Resople, definitivamente la suerte nunca está de mi lado.
Me encogí de hombros, y volví mi vista a la ventana. Sentí como arrastraba hacia atrás la silla a mi lado y se sentaba en ella sacando de su mochila los materiales que necesitaría para la materia.
Pasados unos minutos, de los cuales no había prestado atención en la clase, mis ojos comenzaban a cerrarse lentamente, el sueño me estaba venciendo. Y lo único que me preguntaba era en qué momento sonaba la campana para almorzar.
Unos suaves movimientos en mi brazo derecho me hicieron remover y fruncir el ceño molesta.
— Sólo cinco minutos más, Anna —. Murmure medio dormida.
— Te daría todos los minutos que quieras —. habló la voz de un chico —. Pero tus ronquidos no me dejan prestar atención.
En definitiva esa no era la voz de Anna y ese ruido de fondo me decía que no estaba en casa.
Abrí mis ojos de golpe y observé el rostro de Collin, quien me miraba con una sonrisa burlona en su rostro.
Oh no, me había convertido en un Douglas.
Y por primera vez en mucho tiempo sentí como mi cara ardía en vergüenza. Me erguí de nuevo en mi asiento, acomodando mi espalda firmemente al respaldo de la silla, mientras aclaraba de garganta para no tener que hablar de nuevo.
Mire hacia enfrente y el maestro de biología ya se había ido y ahora estaba el de matemática. En qué momento había sonado la campana de cambio de hora, el pizarrón estaba lleno de ejercicios lo cual me decía que ya llevaba rato ahí.
— Entonces chicos, vosotros sabéis que me gusta tomar una pequeña lección después de cada clase para así ver su nivel de concentración en los ejercicios —. Anuncio el maestro mientras en salón abucheada —. Así que vamos, saquen una hoja y resuelvan.
Se dirigió de nuevo hacia el pizarrón y comenzó anotar los ejercicios respectivos. Todos comenzaban a igualarlo copiandolos en sus hojas de cuaderno de una manera apresurada.
— ¿Podrías prestarme un lápiz?, No traje el mío hoy — habló de nuevo el chico a mi lado.
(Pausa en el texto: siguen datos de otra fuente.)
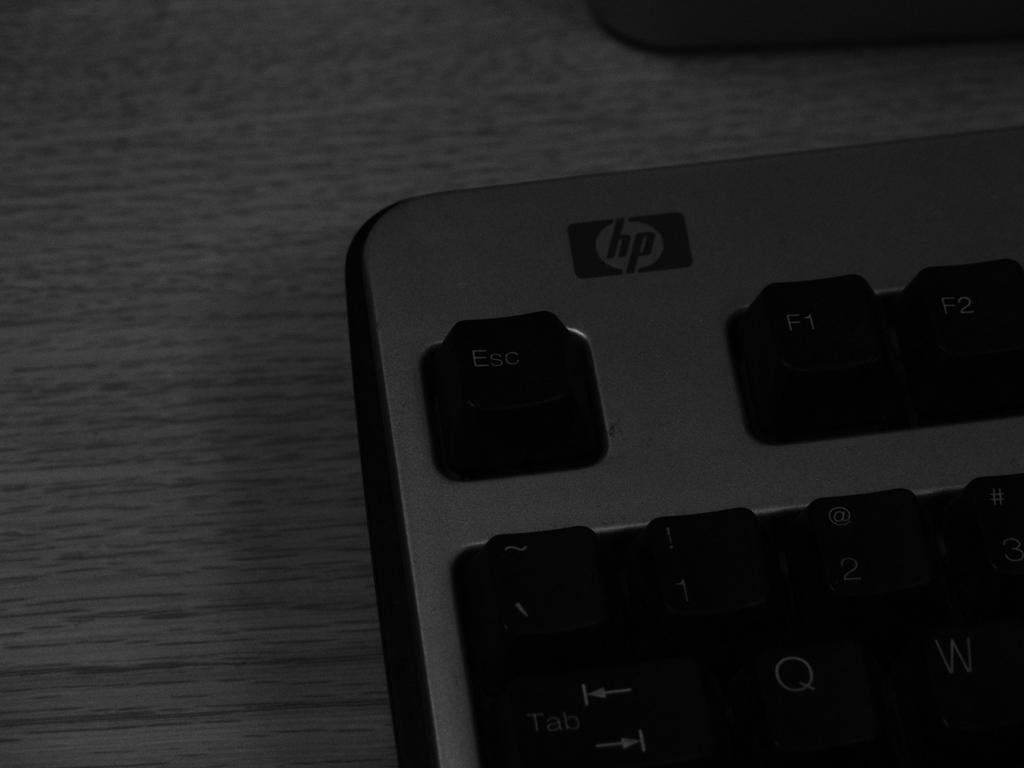<image>
Relay a brief, clear account of the picture shown. A hp keyboard with the escape key in the top left corner. 
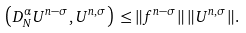Convert formula to latex. <formula><loc_0><loc_0><loc_500><loc_500>\left ( { D } ^ { \alpha } _ { N } U ^ { n - \sigma } , U ^ { n , \sigma } \right ) \, \leq & \, \| f ^ { n - \sigma } \| \, \| U ^ { n , \sigma } \| .</formula> 
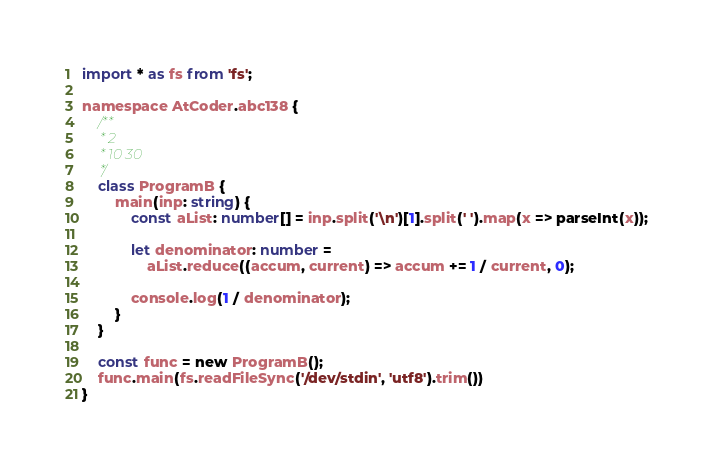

Lo quedé mirando un tiempo considerable para después asentir lentamente, recoger mi mochila del suelo luego la puse en el pupitre mientras buscaba un lápiz que el princeso necesita, metí mi mano hasta el fondo lo tomé entre mis dedos y se lo extendí.
— Gracias —. dijo, sonriente.
Varios minutos después la clase finalizó. Y entró la maestra de Historia, dándole suelta a su tema de los romanos y griegos mientras yo luchaba internamente para no dormirme viendo esas diapositivas aburridas y llenas de letras sin sentido. Sin importar lo mucho que quería mantenerme despierta, no podía, mis párpados pesaban y lo único que lograba captar mi mente era el movimiento lento de los labios de la maestra explicando su clase.
En el momento que mis ojos se cerraron una vez más, el timbre sonó. Por fin.